Exercise details —
The answer should be an exact copy of the lines from the line with "1) humanoid robot (486,888,655,1079)" through the last line of the entries, and no other lines.

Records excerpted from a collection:

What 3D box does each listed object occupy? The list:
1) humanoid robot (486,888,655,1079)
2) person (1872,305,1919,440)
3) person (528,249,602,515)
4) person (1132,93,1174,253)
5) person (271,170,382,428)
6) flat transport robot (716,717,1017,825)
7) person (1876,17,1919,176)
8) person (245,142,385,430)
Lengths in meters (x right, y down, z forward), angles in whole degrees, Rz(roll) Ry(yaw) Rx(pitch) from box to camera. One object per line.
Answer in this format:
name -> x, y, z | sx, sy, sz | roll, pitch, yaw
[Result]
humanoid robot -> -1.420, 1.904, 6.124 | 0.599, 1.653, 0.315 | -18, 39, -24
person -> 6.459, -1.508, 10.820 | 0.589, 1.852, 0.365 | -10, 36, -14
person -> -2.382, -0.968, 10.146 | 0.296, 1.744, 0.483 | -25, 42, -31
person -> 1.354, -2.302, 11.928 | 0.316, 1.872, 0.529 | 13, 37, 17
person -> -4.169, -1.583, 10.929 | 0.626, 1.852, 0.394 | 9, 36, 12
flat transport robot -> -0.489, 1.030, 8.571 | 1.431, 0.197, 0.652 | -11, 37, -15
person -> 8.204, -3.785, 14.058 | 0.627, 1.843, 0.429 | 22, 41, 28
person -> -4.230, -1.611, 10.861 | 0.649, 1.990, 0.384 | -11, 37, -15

Task answer —
1) humanoid robot (486,888,655,1079)
2) person (1872,305,1919,440)
3) person (528,249,602,515)
4) person (1132,93,1174,253)
5) person (271,170,382,428)
6) flat transport robot (716,717,1017,825)
7) person (1876,17,1919,176)
8) person (245,142,385,430)
Lengths in meters (x right, y down, z forward), angles in whole degrees, Rz(roll) Ry(yaw) Rx(pitch) from box to camera. One object per line.
Answer in this format:
name -> x, y, z | sx, sy, sz | roll, pitch, yaw
[Result]
humanoid robot -> -1.420, 1.904, 6.124 | 0.599, 1.653, 0.315 | -18, 39, -24
person -> 6.459, -1.508, 10.820 | 0.589, 1.852, 0.365 | -10, 36, -14
person -> -2.382, -0.968, 10.146 | 0.296, 1.744, 0.483 | -25, 42, -31
person -> 1.354, -2.302, 11.928 | 0.316, 1.872, 0.529 | 13, 37, 17
person -> -4.169, -1.583, 10.929 | 0.626, 1.852, 0.394 | 9, 36, 12
flat transport robot -> -0.489, 1.030, 8.571 | 1.431, 0.197, 0.652 | -11, 37, -15
person -> 8.204, -3.785, 14.058 | 0.627, 1.843, 0.429 | 22, 41, 28
person -> -4.230, -1.611, 10.861 | 0.649, 1.990, 0.384 | -11, 37, -15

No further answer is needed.